Le 2 octobre à Rome, dans le quartier défavorisé de Tor Bella Monaca, Tong Hongshen, 36 ans, est roué de coups par cinq adolescents, devant un arrêt de bus. "Chinois de merde", lance un de ses agresseurs.
A cette litanie s'ajoute le massacre de Castel Volturno (Campanie) : sept personnes, dont six Africains, ont trouvé la mort sous les balles des tueurs de la Camorra. Crime raciste ? Certains le pensent. Les images de la manifestation organisée le lendemain le long de la rue principale de cette terre désolée ont fait le tour des agences de presse : immigrés africains brandissant des poteaux de signalisation, feux de poubelles, voitures renversées et ces cris : "Italiens racistes !"
Depuis, la presse tient le compte précis de toutes les manifestations de racisme.

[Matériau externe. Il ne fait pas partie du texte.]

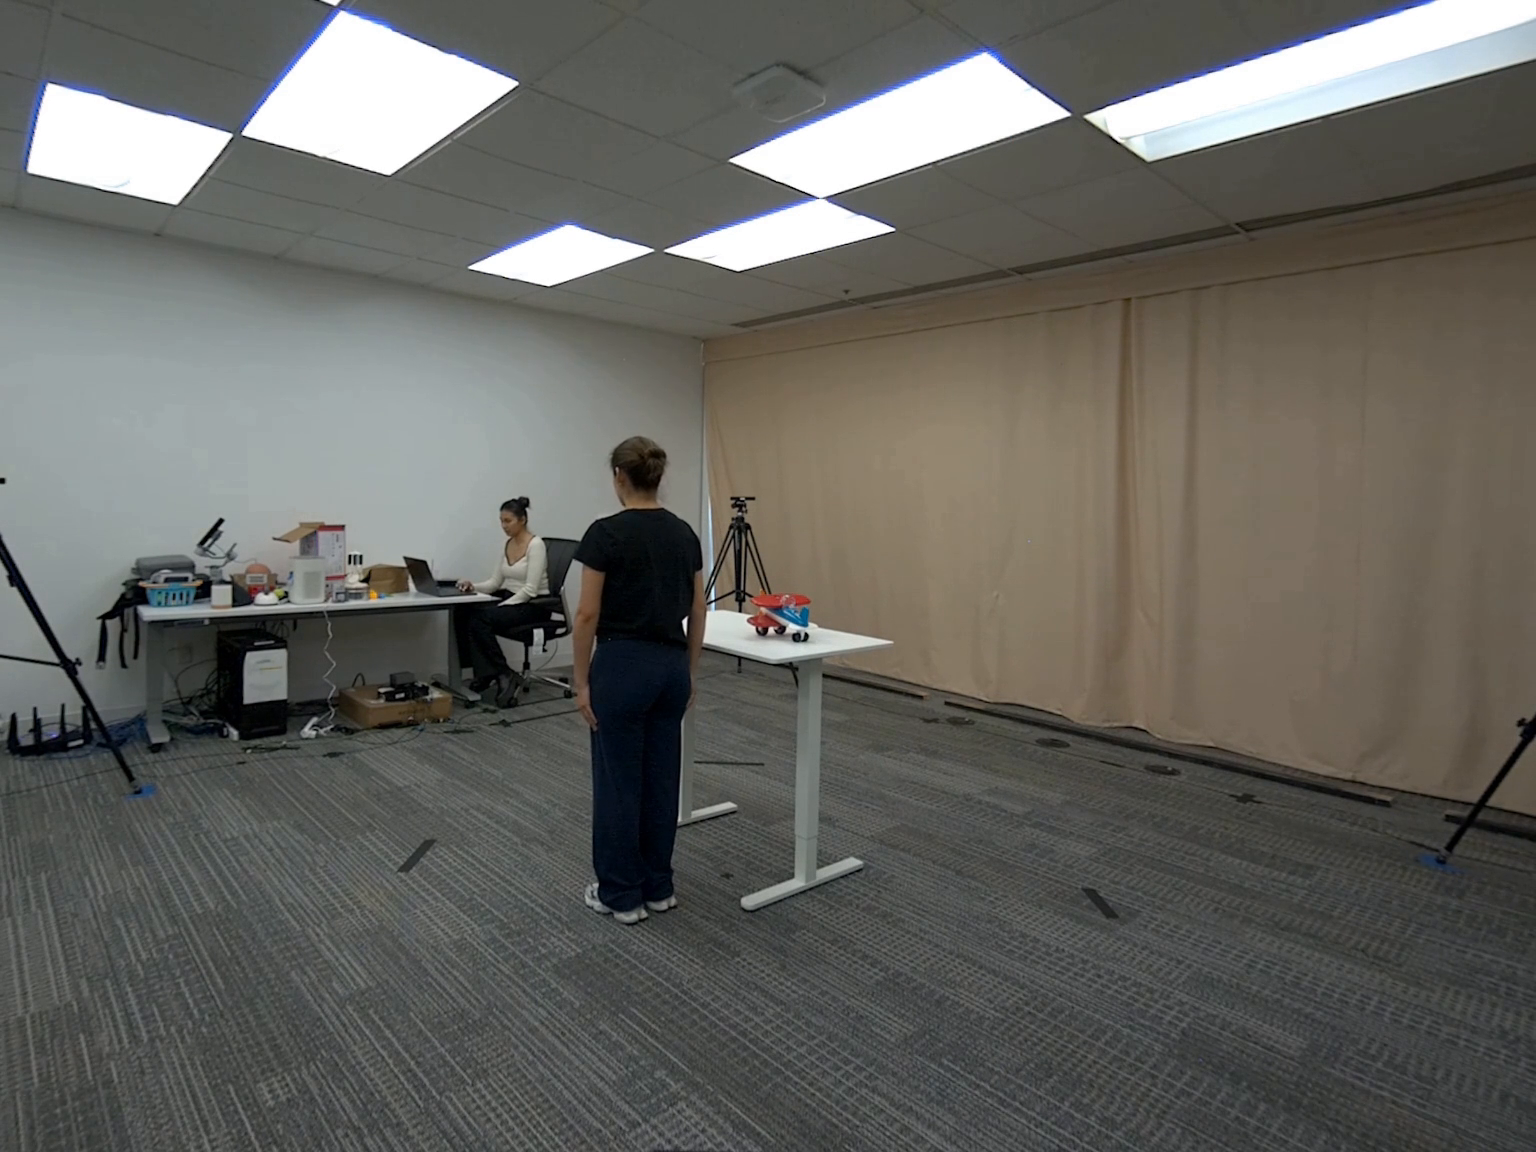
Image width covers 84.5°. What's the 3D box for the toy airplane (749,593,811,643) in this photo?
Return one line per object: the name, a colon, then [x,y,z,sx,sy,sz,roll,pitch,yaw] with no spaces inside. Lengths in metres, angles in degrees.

Ici, une Marocaine insultée, là une prostituée africaine laissée nue dans une salle de commissariat, ailleurs un marchand sénégalais battu à coups de battes de base-ball pour avoir osé déballer sa camelote aux côtés de vendeurs italiens. Dans les journaux télévisés de la Péninsule, ces actes de violence à l'égard des étrangers s'entrelacent désormais à l'énumération des méfaits commis par les "extracommunautaires".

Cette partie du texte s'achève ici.